WHAT YOU SHOULD DO: All lines in the records below that hold "conversio" are to be shown.

Records from a dataset:
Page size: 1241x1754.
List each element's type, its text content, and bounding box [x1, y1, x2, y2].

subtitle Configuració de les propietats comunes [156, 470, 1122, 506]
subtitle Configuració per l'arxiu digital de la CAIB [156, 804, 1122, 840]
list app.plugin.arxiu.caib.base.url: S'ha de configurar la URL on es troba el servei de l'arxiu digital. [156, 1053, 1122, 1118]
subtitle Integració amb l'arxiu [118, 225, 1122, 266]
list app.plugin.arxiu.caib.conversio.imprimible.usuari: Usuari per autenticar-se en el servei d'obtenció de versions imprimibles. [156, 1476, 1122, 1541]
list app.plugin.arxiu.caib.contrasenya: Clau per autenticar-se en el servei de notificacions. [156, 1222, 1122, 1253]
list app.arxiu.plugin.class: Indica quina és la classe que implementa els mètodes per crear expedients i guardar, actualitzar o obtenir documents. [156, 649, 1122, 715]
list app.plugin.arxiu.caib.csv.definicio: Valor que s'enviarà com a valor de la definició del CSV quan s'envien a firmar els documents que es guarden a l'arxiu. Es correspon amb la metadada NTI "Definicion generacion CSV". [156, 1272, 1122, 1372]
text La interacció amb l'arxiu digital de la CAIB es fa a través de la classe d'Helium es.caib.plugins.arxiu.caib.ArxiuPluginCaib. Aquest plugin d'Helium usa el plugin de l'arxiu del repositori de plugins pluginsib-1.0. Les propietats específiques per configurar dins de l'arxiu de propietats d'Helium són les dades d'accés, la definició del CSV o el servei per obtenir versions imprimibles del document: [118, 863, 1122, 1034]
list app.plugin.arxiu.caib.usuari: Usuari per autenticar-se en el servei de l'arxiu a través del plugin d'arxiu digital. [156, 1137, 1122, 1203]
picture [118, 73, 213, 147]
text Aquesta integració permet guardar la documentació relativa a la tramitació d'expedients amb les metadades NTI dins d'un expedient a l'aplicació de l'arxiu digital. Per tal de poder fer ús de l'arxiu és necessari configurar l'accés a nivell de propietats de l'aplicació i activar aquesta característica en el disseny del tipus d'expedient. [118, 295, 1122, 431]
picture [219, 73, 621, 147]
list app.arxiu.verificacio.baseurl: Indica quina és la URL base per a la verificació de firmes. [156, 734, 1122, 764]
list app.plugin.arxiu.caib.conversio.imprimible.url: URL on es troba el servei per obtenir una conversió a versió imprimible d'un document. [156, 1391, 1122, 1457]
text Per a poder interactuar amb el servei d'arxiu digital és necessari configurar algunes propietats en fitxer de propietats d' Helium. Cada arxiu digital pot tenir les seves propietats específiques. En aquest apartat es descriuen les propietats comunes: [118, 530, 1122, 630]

EXPECTED ANSWER:
list app.plugin.arxiu.caib.conversio.imprimible.usuari: Usuari per autenticar-se en el servei d'obtenció de versions imprimibles. [156, 1476, 1122, 1541]
list app.plugin.arxiu.caib.conversio.imprimible.url: URL on es troba el servei per obtenir una conversió a versió imprimible d'un document. [156, 1391, 1122, 1457]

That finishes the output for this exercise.